Nel 1952, la maggior parte della tenuta di Gaudiano, dell'estensione di circa tremila ettari, fu espropriata dall' Ente Riforma e assegnata a diversi coloni.  Il centro residenziale e circa 200 ettari dell'azienda rimasero agli eredi Alliata, i quali, circa 60 anni fa, vendettero ad alcuni privati cittadini di Lavello che si sono letteralmente spartiti i vari locali della palazzina che  era  il caro " piccolo santuario" di don Giustino.
L’immobile denominato “ Masseria Fortunato” con decreto del Ministero dei Beni Culturali e Ambientali (Finocchiaro – ministro) del 27 settembre 1989 è stato dichiarato di interesse particolarmente importante ai sensi della Legge 1/6/1939 n.1089 e quindi sottoposto a tutte le disposizioni di tutela contenute nella legge stessa. A quanto pare, però, tutto è rimasto sulla carta.

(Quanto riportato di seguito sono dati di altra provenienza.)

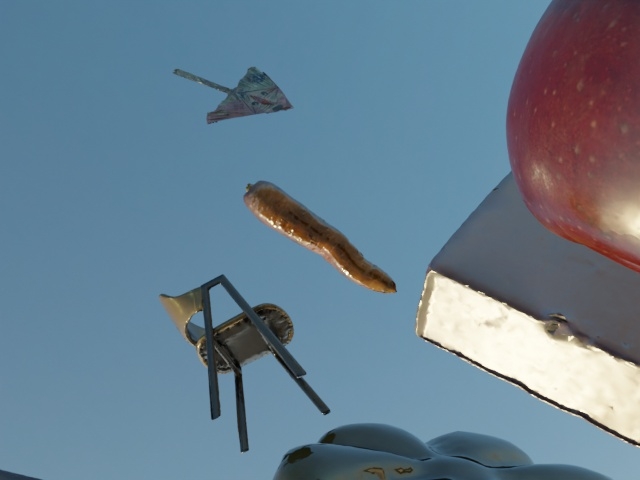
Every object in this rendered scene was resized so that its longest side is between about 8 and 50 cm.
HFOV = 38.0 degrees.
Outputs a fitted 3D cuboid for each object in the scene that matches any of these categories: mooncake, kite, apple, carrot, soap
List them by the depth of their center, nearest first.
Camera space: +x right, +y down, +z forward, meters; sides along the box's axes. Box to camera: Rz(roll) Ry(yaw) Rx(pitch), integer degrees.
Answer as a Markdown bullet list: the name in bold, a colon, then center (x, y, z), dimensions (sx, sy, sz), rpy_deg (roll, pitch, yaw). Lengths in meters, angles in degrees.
- **apple**: center (0.214, -0.067, 0.482), dimensions (0.218, 0.218, 0.201), rpy_deg (18, -90, -49)
- **carrot**: center (0.001, -0.001, 0.835), dimensions (0.035, 0.165, 0.035), rpy_deg (-56, 3, 4)
- **soap**: center (0.284, 0.041, 0.895), dimensions (0.285, 0.296, 0.107), rpy_deg (-42, -30, -40)
- **kite**: center (-0.102, -0.166, 1.041), dimensions (0.137, 0.153, 0.005), rpy_deg (-62, -18, -49)
- **mooncake**: center (0.152, 0.388, 1.142), dimensions (0.467, 0.467, 0.262), rpy_deg (2, -82, -48)

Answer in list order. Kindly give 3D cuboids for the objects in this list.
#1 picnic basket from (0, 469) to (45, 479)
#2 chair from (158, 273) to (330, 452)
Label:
- **picnic basket**: center (-0.204, 0.266, 0.653), dimensions (0.129, 0.297, 0.222), rpy_deg (90, -164, -52)
- **chair**: center (-0.120, 0.155, 1.349), dimensions (0.172, 0.246, 0.158), rpy_deg (-24, -32, 0)
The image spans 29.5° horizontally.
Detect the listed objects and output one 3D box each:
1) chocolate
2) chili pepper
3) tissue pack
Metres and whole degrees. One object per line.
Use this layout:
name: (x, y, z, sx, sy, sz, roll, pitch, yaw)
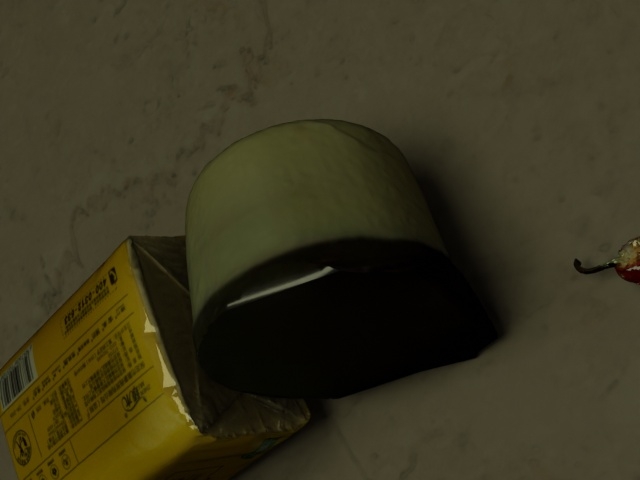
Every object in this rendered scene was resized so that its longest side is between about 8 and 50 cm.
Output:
chocolate: (0.000, 0.000, 1.415, 0.326, 0.314, 0.297, -18, 62, 26)
chili pepper: (0.384, 0.012, 1.260, 0.268, 0.059, 0.050, -13, 114, 35)
tissue pack: (-0.234, 0.203, 1.608, 0.382, 0.228, 0.293, -41, 61, 37)
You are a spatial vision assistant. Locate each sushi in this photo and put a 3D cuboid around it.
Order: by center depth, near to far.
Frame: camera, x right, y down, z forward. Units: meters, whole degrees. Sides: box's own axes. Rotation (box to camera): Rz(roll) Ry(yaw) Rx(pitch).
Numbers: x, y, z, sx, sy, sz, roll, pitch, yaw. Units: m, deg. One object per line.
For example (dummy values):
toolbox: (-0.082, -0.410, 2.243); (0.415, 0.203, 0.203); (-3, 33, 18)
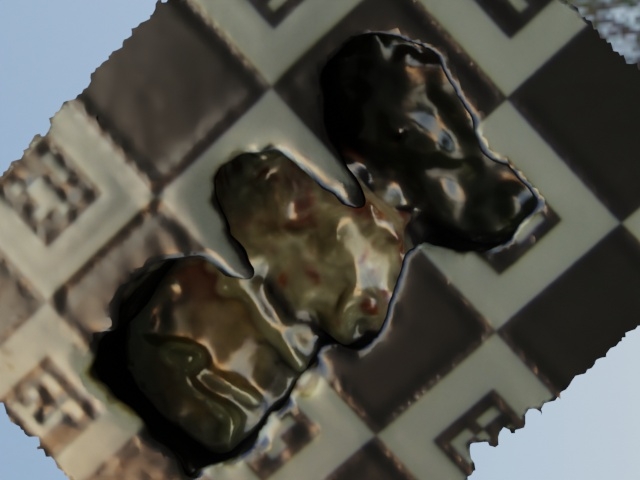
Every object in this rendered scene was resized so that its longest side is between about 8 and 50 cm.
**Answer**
sushi: (0.000, 0.000, 0.785); (0.296, 0.373, 0.100); (45, -169, 0)
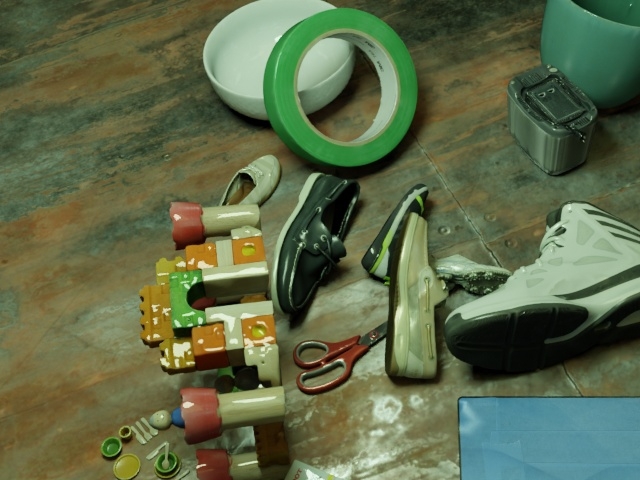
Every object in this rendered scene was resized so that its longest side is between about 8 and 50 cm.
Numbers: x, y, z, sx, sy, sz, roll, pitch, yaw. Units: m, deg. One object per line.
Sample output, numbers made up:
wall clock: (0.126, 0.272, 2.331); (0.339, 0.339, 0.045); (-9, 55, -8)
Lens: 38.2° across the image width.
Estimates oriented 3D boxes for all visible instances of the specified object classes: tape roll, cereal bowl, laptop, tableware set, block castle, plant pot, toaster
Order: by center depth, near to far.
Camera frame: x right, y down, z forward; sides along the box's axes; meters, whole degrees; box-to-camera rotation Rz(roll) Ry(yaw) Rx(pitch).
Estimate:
laptop: (0.404, 0.376, 1.387); (0.382, 0.408, 0.236); (-2, 87, 7)
block castle: (-0.182, 0.176, 1.569); (0.213, 0.303, 0.453); (-6, 53, -5)
tableware set: (-0.309, 0.380, 1.604); (0.104, 0.024, 0.154); (-37, 58, -19)
toaster: (0.473, -0.238, 1.879); (0.129, 0.146, 0.227); (-27, 54, -11)
tape roll: (0.043, -0.312, 1.905); (0.321, 0.321, 0.077); (-35, 15, -17)
plant pot: (0.593, -0.420, 1.922); (0.293, 0.235, 0.293); (5, 45, -5)
cereal bowl: (-0.085, -0.390, 2.072); (0.339, 0.141, 0.338); (-3, 54, 5)

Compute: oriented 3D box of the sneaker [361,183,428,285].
sneaker: (0.166, -0.006, 1.809); (0.097, 0.084, 0.234); (34, 63, 1)

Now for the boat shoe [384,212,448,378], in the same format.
boat shoe: (0.178, 0.099, 1.672); (0.098, 0.109, 0.302); (7, 74, -3)

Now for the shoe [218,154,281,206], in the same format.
shoe: (-0.151, -0.105, 1.920); (0.077, 0.058, 0.219); (21, 59, 21)

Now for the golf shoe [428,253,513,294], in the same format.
golf shoe: (0.277, 0.054, 1.743); (0.176, 0.069, 0.086); (2, 45, 6)

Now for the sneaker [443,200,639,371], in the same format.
sneaker: (0.407, 0.074, 1.670); (0.448, 0.169, 0.257); (-10, 45, -11)

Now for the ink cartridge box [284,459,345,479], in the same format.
ink cartridge box: (0.010, 0.449, 1.479); (0.175, 0.072, 0.127); (18, 59, 19)

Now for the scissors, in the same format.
scissors: (0.088, 0.193, 1.695); (0.297, 0.021, 0.109); (-19, 51, -8)

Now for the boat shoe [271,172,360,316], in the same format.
boat shoe: (0.001, 0.003, 1.779); (0.113, 0.127, 0.340); (1, 43, 23)
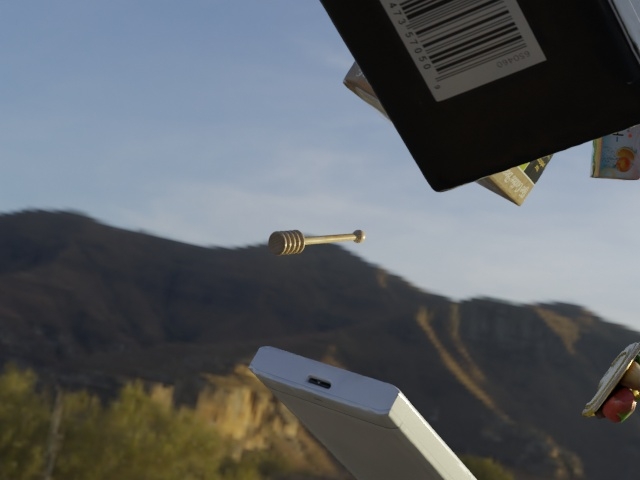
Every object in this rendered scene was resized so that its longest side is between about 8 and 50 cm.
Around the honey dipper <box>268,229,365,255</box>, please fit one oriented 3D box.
[{"bbox_3d":[0.000,0.000,1.533,0.030,0.030,0.160,3,4,42],"label":"honey dipper"}]

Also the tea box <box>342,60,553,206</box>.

Della chiesetta, in grave stato di abbandono e di degrado, resta superstite il solo l’architrave che Giustino Fortunato  volle preservare collocandolo nell’interno della sua chiesetta di Gaudiano, eretta a poca distanza  da quella preesistente. Questa pietra, raro avanzo tangibile della distrutta Gaudiano, è l’unico messaggio di una civiltà scomparsa oltre cinque secoli fa.  Al momento della nostra visita la chiesetta era  invasa da  pagliame,  arbusti e adibita a ricovero per gli animali, mentre il supporto in muratura dell’altare è completamente diroccato.
Che scempio! Quanta delusione ed amarezza!

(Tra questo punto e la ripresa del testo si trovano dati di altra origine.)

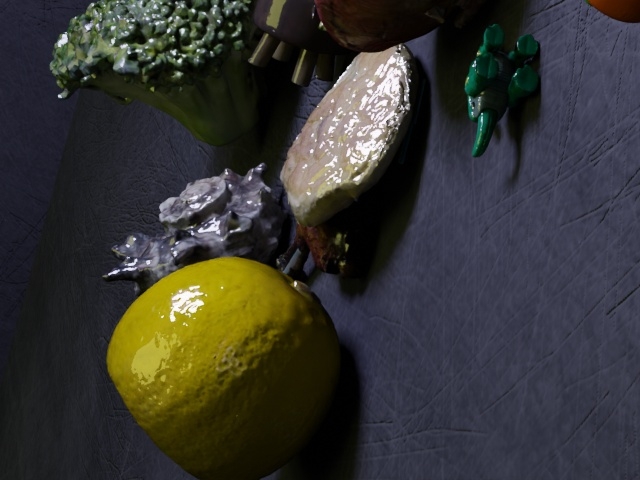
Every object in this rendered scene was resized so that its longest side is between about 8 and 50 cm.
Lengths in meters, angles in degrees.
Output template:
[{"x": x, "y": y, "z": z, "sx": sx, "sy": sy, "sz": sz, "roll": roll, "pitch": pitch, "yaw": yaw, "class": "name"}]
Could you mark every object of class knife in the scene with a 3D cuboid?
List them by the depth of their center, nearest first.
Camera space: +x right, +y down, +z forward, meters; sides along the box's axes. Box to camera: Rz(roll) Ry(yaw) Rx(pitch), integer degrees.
[{"x": 0.095, "y": -0.122, "z": 1.662, "sx": 0.014, "sy": 0.005, "sz": 0.091, "roll": -144, "pitch": 68, "yaw": -71, "class": "knife"}]

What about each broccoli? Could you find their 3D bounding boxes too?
[{"x": -0.190, "y": -0.279, "z": 2.153, "sx": 0.334, "sy": 0.324, "sz": 0.272, "roll": -41, "pitch": -34, "yaw": -37, "class": "broccoli"}]

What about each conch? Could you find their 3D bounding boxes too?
[{"x": -0.145, "y": -0.001, "z": 2.053, "sx": 0.240, "sy": 0.186, "sz": 0.313, "roll": -52, "pitch": -2, "yaw": -6, "class": "conch"}]

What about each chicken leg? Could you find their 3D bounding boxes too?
[{"x": 0.000, "y": 0.000, "z": 1.802, "sx": 0.253, "sy": 0.051, "sz": 0.106, "roll": 158, "pitch": 117, "yaw": -72, "class": "chicken leg"}]

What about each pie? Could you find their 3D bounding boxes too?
[{"x": 0.033, "y": -0.110, "z": 1.689, "sx": 0.218, "sy": 0.052, "sz": 0.185, "roll": -54, "pitch": 22, "yaw": 8, "class": "pie"}]

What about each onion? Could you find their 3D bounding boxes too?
[{"x": 0.098, "y": -0.278, "z": 1.544, "sx": 0.230, "sy": 0.163, "sz": 0.230, "roll": -50, "pitch": -25, "yaw": -34, "class": "onion"}]

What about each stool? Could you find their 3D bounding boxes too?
[{"x": -0.018, "y": -0.264, "z": 1.912, "sx": 0.217, "sy": 0.125, "sz": 0.121, "roll": -95, "pitch": 22, "yaw": -65, "class": "stool"}]

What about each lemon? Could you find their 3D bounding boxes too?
[{"x": -0.087, "y": 0.125, "z": 1.703, "sx": 0.219, "sy": 0.240, "sz": 0.240, "roll": -41, "pitch": 28, "yaw": 9, "class": "lemon"}]

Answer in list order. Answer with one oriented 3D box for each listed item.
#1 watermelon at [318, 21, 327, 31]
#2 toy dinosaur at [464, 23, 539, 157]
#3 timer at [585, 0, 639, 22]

Eppure i Fortunato hanno tanto beneficato la città di Lavello!
Vogliamo rivolgere, pertanto, dalle colonne del nostro giornale, un  pressante, accorato appello all’Amministrazione comunale di Lavello e agli Ente regionali preposti perché si consideri l’opportunità di acquisire almeno i fabbricati ancora esistenti (palazzina, resti della chiesetta, ecc.) del centro di Gaudiano e destinarli, dopo opportuni restauri, a Centro di Sperimentazione agraria di rilevante interesse comunitario. Riteniamo che sia questo il modo migliore , anche da parte di Lavello e non solo, di onorare  degnamente uomini (Ernesto e Giustino Fortunato) che tanto lustro hanno lasciato a quella comunità cittadina e alla Regione del Vulture.